My political imagination in the early 1980s could fairly be said to have
been primed by feminist sf of the 1970s. But although representations of
feminist revolution and utopia excited me, after a time they began to
frustrate me, too. How, I wondered, could we get to "there"—i.e., a
desirable situation in which to live, boasting a viable, vibrant polity and
a minimum of hardship and suffering for the many rather than the few— from
"here," viz., our current political reality of plutocracy and a savagely
exploitative capitalism that ensures widespread misery, deprivation, and
constriction of people's lives? The question haunted me. Feminist sf
offered me a few stories about revolution, many stories about fairly good
places, and a lot of stories about really bad places. But like the bad
places, those good places existed chiefly to offer us a lesson in what was
wrong with our world, combined, maybe, with a little indulgence in
wish-fulfillment. And images of revolution tended to skip the long hard
process of collective change that sustained creation of a different world
must in reality entail. History, after all, has repeatedly shown that
neither regime-change nor even form-of-government change alone will remake
the world.

I wanted a more direct, explicit vision of how it might be possible to
change human thinking as well as social and political interactions; I
needed to believe that a world in which the thriving of human life in every
case supersedes the profit motive is theoretically not only possible but
also achievable—without having first to start from a post-holocaust
slate wiped clean of recent human history. I decided that I would begin
from a dystopian baseline to keep my experiment from becoming an easy
fantasy of wish-fulfillment (and also because three and a half years of the
Reagan Administration had made me pessimistic about future life in the
US). And so in October 1984, I sat down and began writing the Marq'ssan
Cycle, a series of five novels totaling roughly one million words: first
Alanya to Alanya (October—November 1984); then Renegade
(December 1984—April 1985);
Tsunami (June—September 1985); Blood in the Fruit (October
1985—February 1986); and finally Stretto (March—July 1986).

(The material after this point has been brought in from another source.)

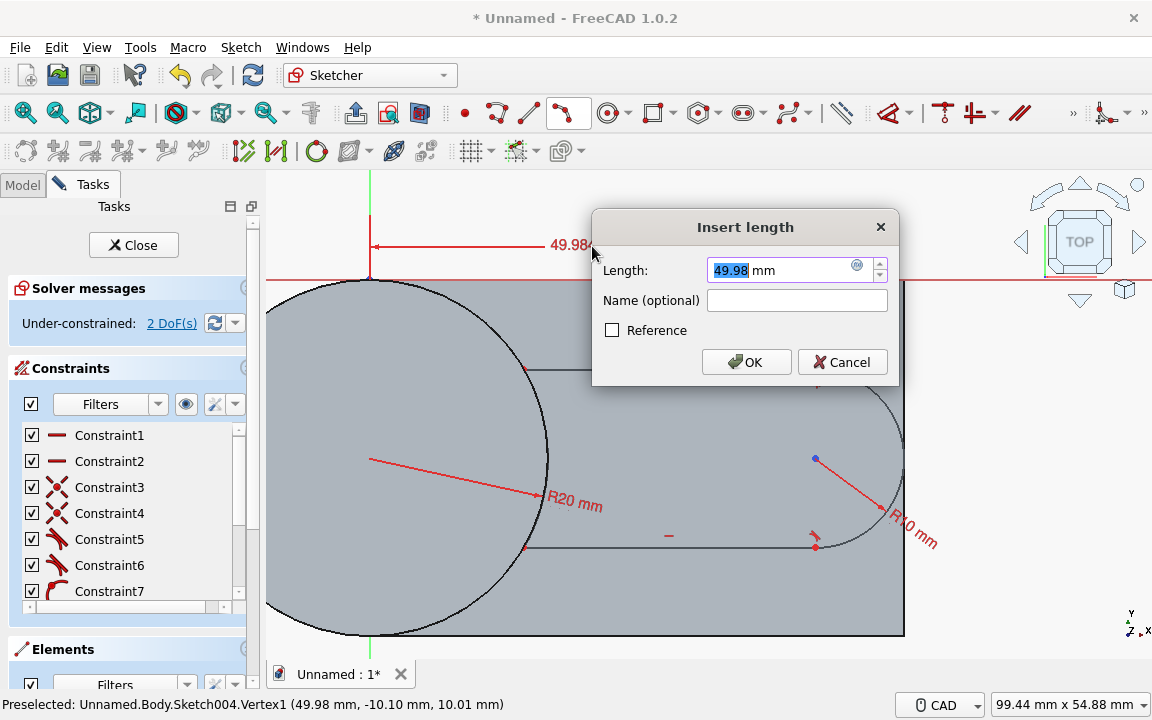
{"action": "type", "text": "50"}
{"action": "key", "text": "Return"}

During the composition of the third and fourth books (Tsunami and
Blood in the Fruit), I worried that the difficulties of imagining
the creation of lasting, desirable change might be insuperable. Still, I
had noticed early on that each book in succession had radically altered my
understanding the previous books. In the course of writing
the final book, Stretto, forced to stop and reflect at length on this
pattern of continual re-visioning, I grasped that I simply hadn't realized
that the desired change was a process already at work in the series, one
that could only become visible through this other process of constant
re-visioning. When I finally finished writing the fifth book, I found that
my first reader, Kathryn Wilham, had independently come to understand this,
too. She told me that she could see where, if I had decided to write a
sixth book, it would have had to go. The series, she said, is finished. You
can trust that any reader who has been able to read through to the end will
have "gotten" it. In other words, the experiment did not only require that
I, the author, envision and depict the process of change, but it also
required that the series' readers' very activity of constantly revising
their understanding of what had gone before be the vehicle for their being
able to imagine and comprehend the process themselves.